Film

The feat of the Fast & Furious franchise

Fast & Furious 9 will be released in the UK on June 24. Hanna Flint details the success of the franchise and discusses how it has managed to stay popular for so long.

Loyal family Rodriguez and Diesel are along for the ride. Photo: Giles Keyte/Universal Pictures

Twenty years ago, when Vin Diesel uttered the immortal line “it don’t matter if you win by an inch or a mile”, to Paul Walker’s grinning Brian O’Conner in The Fast and the Furious, he probably hadn’t bet on being back for a ninth outing as the now-iconic Dom Toretto in F9. But “winning is winning”, and the Fast franchise has continued to do so to become one of the most popular and lucrative movie series of all time.

So what is it about Universal Studios’ cinematic behemoth that has managed to draw in an increasing global audience, as well as an increasing number of A-list Hollywood stars, including Charlize Theron, Helen Mirren and Idris Elba, as the antics of this rag-tag group of former auto hijackers and drag racers become increasingly unbelievable? The ability to evolve for a start.

With Dom and his crew racing against submarines and heatseeker missiles or jumping between skyscrapers in a Lykan HyperSport, it’s easy to forget that their origin story was a straight up rip-off of Point Break. Instead of surfers, though, his team were street racers subsidising their income by stealing DVDs from truckers in their black Honda Civics, and Walker’s Brian was the undercover cop sucked in by Diesel’s charismatic outlaw. That 2001 film fired on all cylinders, breaking box office expectations and reinvigorated the way filmmakers shoot car chases, but the sequel script 2 Fast 2 Furious wasn’t up to scratch and Diesel refused to return for it.

Eight years later, the actor got the gang back together for a fourth and fifth instalment, Fast & Furious and Fast Five, that drifted away from the hot wheels culture of the first three films and accelerated more into heist territory while leaning into the more playful action and race sequences introduced by Justin Lin in the third film, The Fast & the Furious: Tokyo Drift. The last three films – Fast & Furious 6, Furious 7, The Fate and the Furious, have seen the filmmakers up the ante on the high-octane capers even further as the crew muscle in on Mission: Impossible territory by taking on more espionage tasks. Who knew these car enthusiasts from the wrong side of the tracks were such highly trained special operatives that government agencies were now relying on them to save the world from global terrorists? No one! But we’ll go with it!

The Fast family know how to move with the times and go with the ridiculousness of each new high stakes escapade thrown at them. The audience love them for it and the filmmakers are willing to listen to what the fans want. That’s why they made the fourth and fifth films take place before the events of Tokyo Drift to include the ill-fated Han and the ninth will see him return from the dead.

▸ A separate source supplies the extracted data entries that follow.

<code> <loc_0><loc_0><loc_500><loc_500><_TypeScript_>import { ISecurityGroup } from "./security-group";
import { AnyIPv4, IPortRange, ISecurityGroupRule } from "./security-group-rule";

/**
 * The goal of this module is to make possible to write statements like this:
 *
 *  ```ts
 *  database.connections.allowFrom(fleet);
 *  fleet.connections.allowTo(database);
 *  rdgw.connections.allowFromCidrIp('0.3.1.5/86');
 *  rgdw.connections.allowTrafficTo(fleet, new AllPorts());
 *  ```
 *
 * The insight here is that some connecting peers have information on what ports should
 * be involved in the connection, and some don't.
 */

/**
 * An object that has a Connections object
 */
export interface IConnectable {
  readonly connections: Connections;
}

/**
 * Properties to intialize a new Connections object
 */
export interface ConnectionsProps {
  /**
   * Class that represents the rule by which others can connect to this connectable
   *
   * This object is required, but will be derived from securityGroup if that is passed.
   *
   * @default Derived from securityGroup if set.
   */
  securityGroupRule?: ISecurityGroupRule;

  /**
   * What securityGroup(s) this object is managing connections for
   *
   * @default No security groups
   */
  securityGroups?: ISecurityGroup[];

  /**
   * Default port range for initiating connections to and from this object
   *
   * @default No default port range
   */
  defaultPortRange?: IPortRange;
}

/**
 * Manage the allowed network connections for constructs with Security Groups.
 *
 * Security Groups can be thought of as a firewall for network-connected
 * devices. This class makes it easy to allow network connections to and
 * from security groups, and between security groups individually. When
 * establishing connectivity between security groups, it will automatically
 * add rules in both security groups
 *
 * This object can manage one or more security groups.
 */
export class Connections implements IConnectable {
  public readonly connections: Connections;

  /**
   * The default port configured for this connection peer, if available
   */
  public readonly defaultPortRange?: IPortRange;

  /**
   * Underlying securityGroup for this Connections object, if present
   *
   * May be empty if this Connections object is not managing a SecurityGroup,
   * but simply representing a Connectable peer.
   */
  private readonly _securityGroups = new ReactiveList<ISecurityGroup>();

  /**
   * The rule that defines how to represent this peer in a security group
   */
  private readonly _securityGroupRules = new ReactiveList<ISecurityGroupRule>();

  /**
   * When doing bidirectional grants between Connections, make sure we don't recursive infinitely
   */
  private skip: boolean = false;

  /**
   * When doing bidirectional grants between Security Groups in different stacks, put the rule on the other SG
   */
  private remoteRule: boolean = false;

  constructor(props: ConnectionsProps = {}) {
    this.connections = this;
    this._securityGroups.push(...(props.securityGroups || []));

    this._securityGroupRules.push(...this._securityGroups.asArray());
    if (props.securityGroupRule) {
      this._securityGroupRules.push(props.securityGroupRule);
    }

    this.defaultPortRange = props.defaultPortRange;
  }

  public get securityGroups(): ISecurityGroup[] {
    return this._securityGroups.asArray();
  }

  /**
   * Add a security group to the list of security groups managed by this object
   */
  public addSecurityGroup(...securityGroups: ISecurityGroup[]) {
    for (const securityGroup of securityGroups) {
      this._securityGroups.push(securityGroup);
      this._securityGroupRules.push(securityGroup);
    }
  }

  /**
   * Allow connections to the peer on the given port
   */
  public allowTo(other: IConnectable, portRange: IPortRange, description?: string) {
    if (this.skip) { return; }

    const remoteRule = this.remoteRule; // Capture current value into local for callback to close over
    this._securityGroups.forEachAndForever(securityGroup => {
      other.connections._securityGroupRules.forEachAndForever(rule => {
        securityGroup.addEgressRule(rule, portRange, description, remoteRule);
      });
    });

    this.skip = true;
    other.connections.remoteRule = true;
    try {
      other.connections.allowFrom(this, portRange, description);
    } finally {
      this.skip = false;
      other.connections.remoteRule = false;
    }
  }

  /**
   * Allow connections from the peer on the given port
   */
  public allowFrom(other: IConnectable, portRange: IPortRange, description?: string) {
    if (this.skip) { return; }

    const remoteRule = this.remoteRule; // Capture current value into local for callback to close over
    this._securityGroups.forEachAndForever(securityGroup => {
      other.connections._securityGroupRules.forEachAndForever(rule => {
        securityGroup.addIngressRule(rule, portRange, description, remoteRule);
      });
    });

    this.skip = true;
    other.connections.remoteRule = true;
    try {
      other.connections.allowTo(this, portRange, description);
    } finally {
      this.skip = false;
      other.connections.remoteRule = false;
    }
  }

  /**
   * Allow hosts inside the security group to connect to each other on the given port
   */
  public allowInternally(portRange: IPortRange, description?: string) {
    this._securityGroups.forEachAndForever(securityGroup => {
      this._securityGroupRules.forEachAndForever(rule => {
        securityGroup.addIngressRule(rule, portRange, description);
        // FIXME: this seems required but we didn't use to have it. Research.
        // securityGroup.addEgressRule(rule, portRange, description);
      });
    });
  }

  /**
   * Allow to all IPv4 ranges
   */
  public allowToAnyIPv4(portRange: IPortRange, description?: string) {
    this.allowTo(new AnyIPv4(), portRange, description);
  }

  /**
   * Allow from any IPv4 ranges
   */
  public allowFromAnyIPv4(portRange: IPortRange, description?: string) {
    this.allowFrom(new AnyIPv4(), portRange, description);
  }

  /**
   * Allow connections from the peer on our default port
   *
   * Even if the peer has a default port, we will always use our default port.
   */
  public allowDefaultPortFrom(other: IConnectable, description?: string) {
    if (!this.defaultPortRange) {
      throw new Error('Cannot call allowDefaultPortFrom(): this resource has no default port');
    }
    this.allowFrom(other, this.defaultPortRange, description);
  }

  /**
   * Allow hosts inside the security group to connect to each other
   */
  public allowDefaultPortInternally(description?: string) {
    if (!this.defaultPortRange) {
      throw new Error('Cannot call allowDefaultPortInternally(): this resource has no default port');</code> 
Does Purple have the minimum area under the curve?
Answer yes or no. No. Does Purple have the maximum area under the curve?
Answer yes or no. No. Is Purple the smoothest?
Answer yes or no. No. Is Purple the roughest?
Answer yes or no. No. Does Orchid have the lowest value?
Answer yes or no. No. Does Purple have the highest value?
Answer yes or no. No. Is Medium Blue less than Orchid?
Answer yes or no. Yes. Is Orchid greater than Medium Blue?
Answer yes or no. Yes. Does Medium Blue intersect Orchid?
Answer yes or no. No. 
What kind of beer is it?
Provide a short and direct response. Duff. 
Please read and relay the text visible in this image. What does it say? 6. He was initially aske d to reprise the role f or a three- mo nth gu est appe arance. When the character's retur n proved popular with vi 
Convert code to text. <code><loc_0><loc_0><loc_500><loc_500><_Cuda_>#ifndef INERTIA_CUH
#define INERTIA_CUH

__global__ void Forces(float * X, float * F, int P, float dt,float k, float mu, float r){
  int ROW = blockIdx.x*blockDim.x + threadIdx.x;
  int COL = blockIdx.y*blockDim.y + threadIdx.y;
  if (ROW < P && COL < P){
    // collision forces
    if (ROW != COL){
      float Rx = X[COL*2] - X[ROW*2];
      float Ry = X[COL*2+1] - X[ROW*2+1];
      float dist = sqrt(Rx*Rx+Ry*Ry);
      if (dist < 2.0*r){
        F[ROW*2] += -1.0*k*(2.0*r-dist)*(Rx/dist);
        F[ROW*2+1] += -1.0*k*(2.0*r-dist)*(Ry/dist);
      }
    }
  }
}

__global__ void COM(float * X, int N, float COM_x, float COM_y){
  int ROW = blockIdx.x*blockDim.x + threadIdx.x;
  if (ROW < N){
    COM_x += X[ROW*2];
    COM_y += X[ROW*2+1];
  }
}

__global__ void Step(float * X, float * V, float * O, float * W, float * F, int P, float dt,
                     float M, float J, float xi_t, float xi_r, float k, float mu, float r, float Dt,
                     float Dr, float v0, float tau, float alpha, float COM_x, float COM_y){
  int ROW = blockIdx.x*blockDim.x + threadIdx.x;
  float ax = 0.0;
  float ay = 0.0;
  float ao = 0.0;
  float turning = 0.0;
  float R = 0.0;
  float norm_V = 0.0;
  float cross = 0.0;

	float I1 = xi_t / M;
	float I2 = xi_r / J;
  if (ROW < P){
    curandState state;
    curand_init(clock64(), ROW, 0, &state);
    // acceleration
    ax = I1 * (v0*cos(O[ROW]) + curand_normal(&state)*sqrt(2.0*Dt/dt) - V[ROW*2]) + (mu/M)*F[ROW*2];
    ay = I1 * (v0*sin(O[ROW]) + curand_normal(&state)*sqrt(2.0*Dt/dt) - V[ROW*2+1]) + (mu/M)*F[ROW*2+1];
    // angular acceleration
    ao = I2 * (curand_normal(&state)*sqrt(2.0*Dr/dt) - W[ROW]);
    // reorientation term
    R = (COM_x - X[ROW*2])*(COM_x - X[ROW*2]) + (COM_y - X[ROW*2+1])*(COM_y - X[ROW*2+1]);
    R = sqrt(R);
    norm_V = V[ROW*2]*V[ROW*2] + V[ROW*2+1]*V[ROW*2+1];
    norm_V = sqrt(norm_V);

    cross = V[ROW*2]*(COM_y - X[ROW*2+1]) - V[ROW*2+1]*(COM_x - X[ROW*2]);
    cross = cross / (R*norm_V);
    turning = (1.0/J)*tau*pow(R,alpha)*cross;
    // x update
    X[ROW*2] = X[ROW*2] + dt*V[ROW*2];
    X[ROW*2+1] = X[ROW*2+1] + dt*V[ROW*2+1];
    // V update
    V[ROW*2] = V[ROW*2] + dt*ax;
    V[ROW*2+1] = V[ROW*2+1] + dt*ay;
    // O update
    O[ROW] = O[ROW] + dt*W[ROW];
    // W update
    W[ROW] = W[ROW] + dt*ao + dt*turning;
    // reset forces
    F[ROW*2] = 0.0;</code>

This franchise set the standard for diversity on screen

They brought Michelle Rodriguez’s Letty back to life too and the popularity of Dwayne Johnson and Jason Statham’s characters, Luke Hobbs and Deckard Shaw, is the reason why they got a dedicated spin-off. It’s all about loyalty and that’s ultimately why this franchise has sustained.

The Fast family has always been multicultural since day one, and each new film has seen that representation grow to have Tyrese Gibson, Sung Kang, Ludacris, Johnson, Tego Calderón, Don Omar and Nathalie Emmanuel join Diesel, Walker, Jordana Brewster and Michelle Rodriguez as part of the main crew. This franchise set the standard for diversity on screen and their loyalty to one another, to their patchwork family, is the narrative backbone for each adventure. It’s why Diesel ensured Walker’s journey didn’t abruptly end after his untimely death in 2013. He persuaded Universal to spend the money on CGI and reshoots so that Brian could live on in their fictional world with a dedicated ending in Furious 7. It’s a touching moment and in any other franchise it could have been written off as cheesy, but that’s what you get with this series. It’s equal parts cool and corny with a healthy seasoning of death-defying feats to whet your appetite during each new instalment. And no matter how outlandish their operations, or how much their action sequences defy the laws of gravity or even how little the characters bleed any more, die even, the franchise will always be grounded in Dom and his crew’s commitment to one another.

As the mighty Toretto once said, “I don’t have friends, I got family.”

Well, when it comes to the Fast and Furious franchise, it don’t have fans, it’s got family too.